# aba crank sensor harness plug source



## weeblebiker (Apr 3, 2003)

so now I know the crank sensor 3 pin connector is slightly bigger (.933" wide 6mm pin center to center) than the standard 3 pin connectors (.850" wide 5mm pin center to center) in the engine bay. 

anyone have or know a source for one for my ms harness?









my vr sensor plug next to white vr harness recepticle 









edited to add pics


----------



## bonesaw (Aug 8, 2004)

The aba and vr6 connector is different.


----------



## weeblebiker (Apr 3, 2003)

good to know


----------



## bonesaw (Aug 8, 2004)

same amount of pins ans length just different keyways.


----------



## Prof315 (Jan 5, 2009)

weeblebiker said:


> so now I know the crank sensor 3 pin connector is slightly bigger than the other 3 pin connectors in the engine bay.
> 
> anyone have or know a source for one for my ms harness?


I have several


----------



## weeblebiker (Apr 3, 2003)

the one pro315 sent me was the standard .850" wide with 2 slots. I need a .933" wide with 2 slots


----------



## need_a_VR6 (May 19, 1999)

What color is your sensor plug?


----------



## weeblebiker (Apr 3, 2003)

it is a black connector with 2 key ridges and is definitely wider than the standard connector but looks identical.

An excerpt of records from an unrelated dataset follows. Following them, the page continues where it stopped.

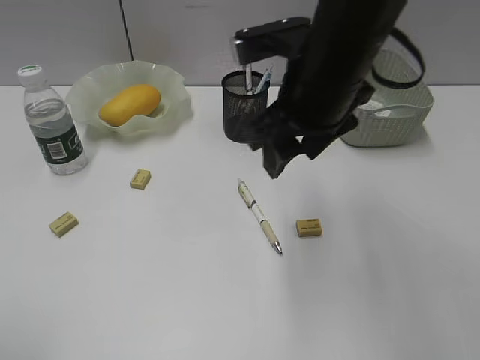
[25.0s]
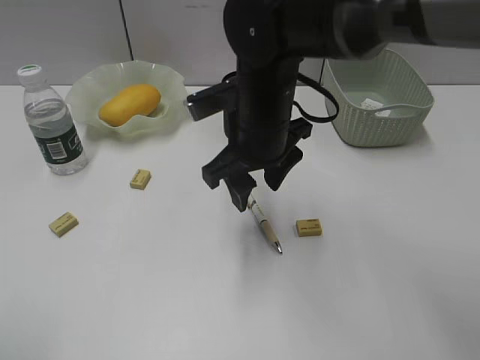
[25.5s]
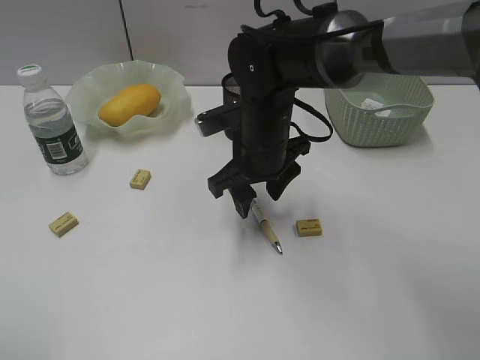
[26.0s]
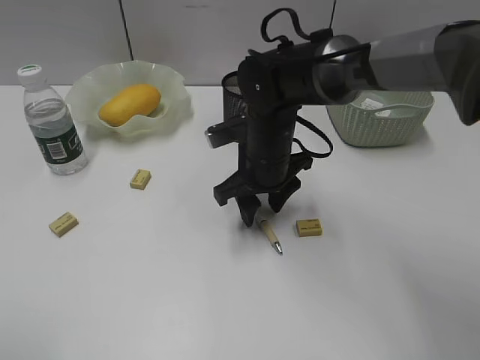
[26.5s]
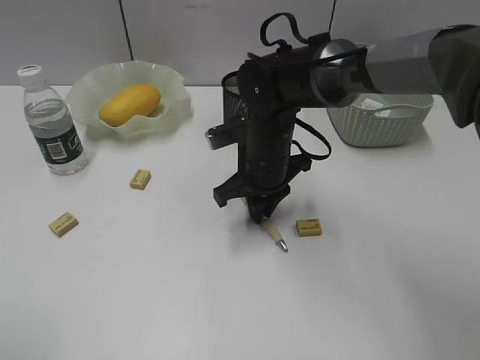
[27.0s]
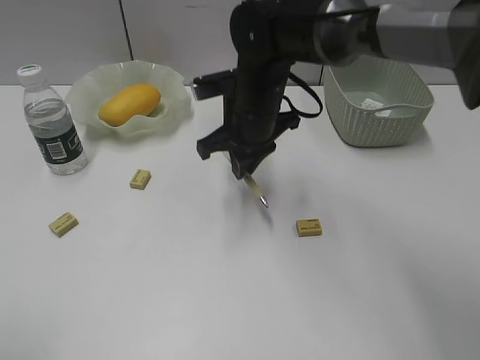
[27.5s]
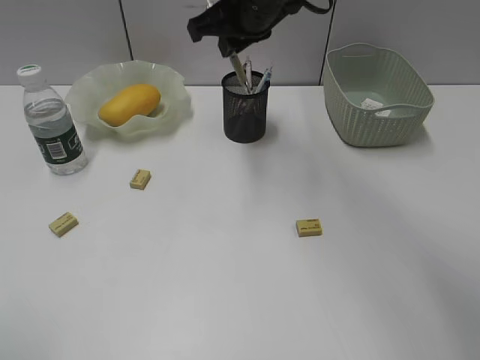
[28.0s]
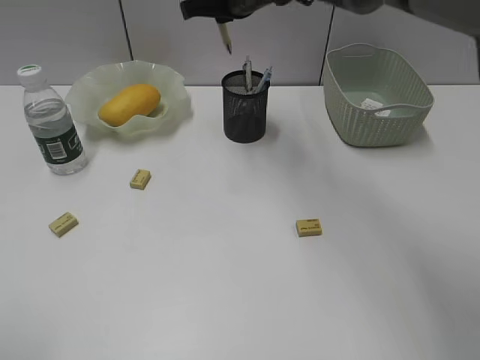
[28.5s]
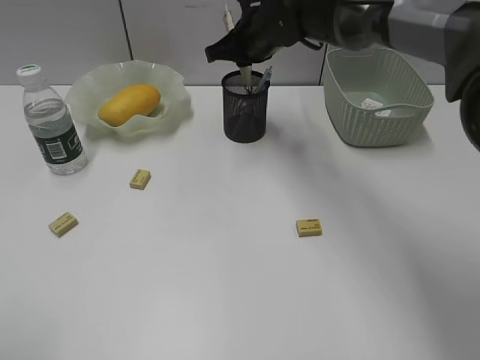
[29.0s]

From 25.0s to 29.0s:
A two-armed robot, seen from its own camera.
Step, from 25.0s to 27.0s: Grasp the yellow pen with right gripper.
From 25.0s to 27.0s: The right gripper goes roughly 15 cm downward and forward, and closes its fingers.
From 27.0s to 29.0s: The right gripper is displaced forward and upward by some 15 cm.

I'll take a caliper and get the pin center to center dimension, looks to be the standard 5mm, just a slightly bigger housing. can't find anything that size in the tyco/amp junior power timer cataloge


----------



## -RalleyTuned- (Nov 17, 2008)

iirc its the same size as the Passat Auto TB tps plug. I was able to get them from 034 EFI. Those guys are great with knowing the right sizes on those. They sent the pins as well and were really easy to work with.


----------



## weeblebiker (Apr 3, 2003)

the crank sensor has a 6mm pin center to center dmension instead of the standard 5mm center to center


----------



## -RalleyTuned- (Nov 17, 2008)

So does the passat auto tps


----------



## Sparknock (Feb 25, 2004)

that's an easy one junk yard. i bought a whole harness for 25 bux front to rear!!! i was out there for the whole day. i thing the lady there felt bad for me. maybe that's why it was so cheap


----------



## weeblebiker (Apr 3, 2003)

the yards around here only buy and carry both kinds,,,,,ford And chevy:banghead:


----------



## -RalleyTuned- (Nov 17, 2008)

Did you ever contact 034? I bought one brand new with pins for less than $20 shipped a few years back. I called and talked to them, explained the part and sent a pic and got the correct one for the auto TPS (which is the same as the crank sensor plug)


----------



## weeblebiker (Apr 3, 2003)

not yet, 
it's on my list list of things to get, but not a necessity to get running.


----------



## piratesayargg2 (Dec 7, 2005)

Housing http://www.onlinecomponents.com/te-connectivity-amp-brand-282729-1.html?p=10325401
Pins http://www.onlinecomponents.com/te-connectivity-amp-brand-929937-3.html?p=10530778

$1.90 + shipping


----------



## weeblebiker (Apr 3, 2003)

that has a 5mm pitch, not 6mm


----------



## scottgti (Sep 28, 2007)

Passat tps plug=knock sensor plug≠crank sensor plug


----------



## weeblebiker (Apr 3, 2003)

Got it. 034 charged me close to $40 
but here is the part #s! 
357 972 753 
76162 
Now y'all can source it for


----------



## weeblebiker (Apr 3, 2003)

This is also the connector for the 020 vss sensor :banghead:


----------



## weeblebiker (Apr 3, 2003)

I miss read the pn initially and corrected, now it comes up in searches, this made by Delphi also, Delphi pn 15327870 listed as a timer connector


----------



## piratesayargg2 (Dec 7, 2005)

Amp Timer Part Number: 1-828963-1

Datasheet: http://datasheet.elcodis.com/pdf/3/25/32571/1-828963-1.pdf


----------



## weeblebiker (Apr 3, 2003)

that looks like the one!!!! :wave:


----------



## weeblebiker (Apr 3, 2003)

It's a freaking propriatary product! not for general sale :banghead:

it has a delphi cross, they are probably are the ones keeping it propriatary


----------



## piratesayargg2 (Dec 7, 2005)

You can buy them here http://www.onlinecomponents.com/te-connectivity-amp-brand-18289631.html?p=10194811 but theres a 12 week lead time.


----------



## weeblebiker (Apr 3, 2003)

it a bogus lead time.
this is pretty much a dealer only part
found one on ebay, closest dealer is an hr away


----------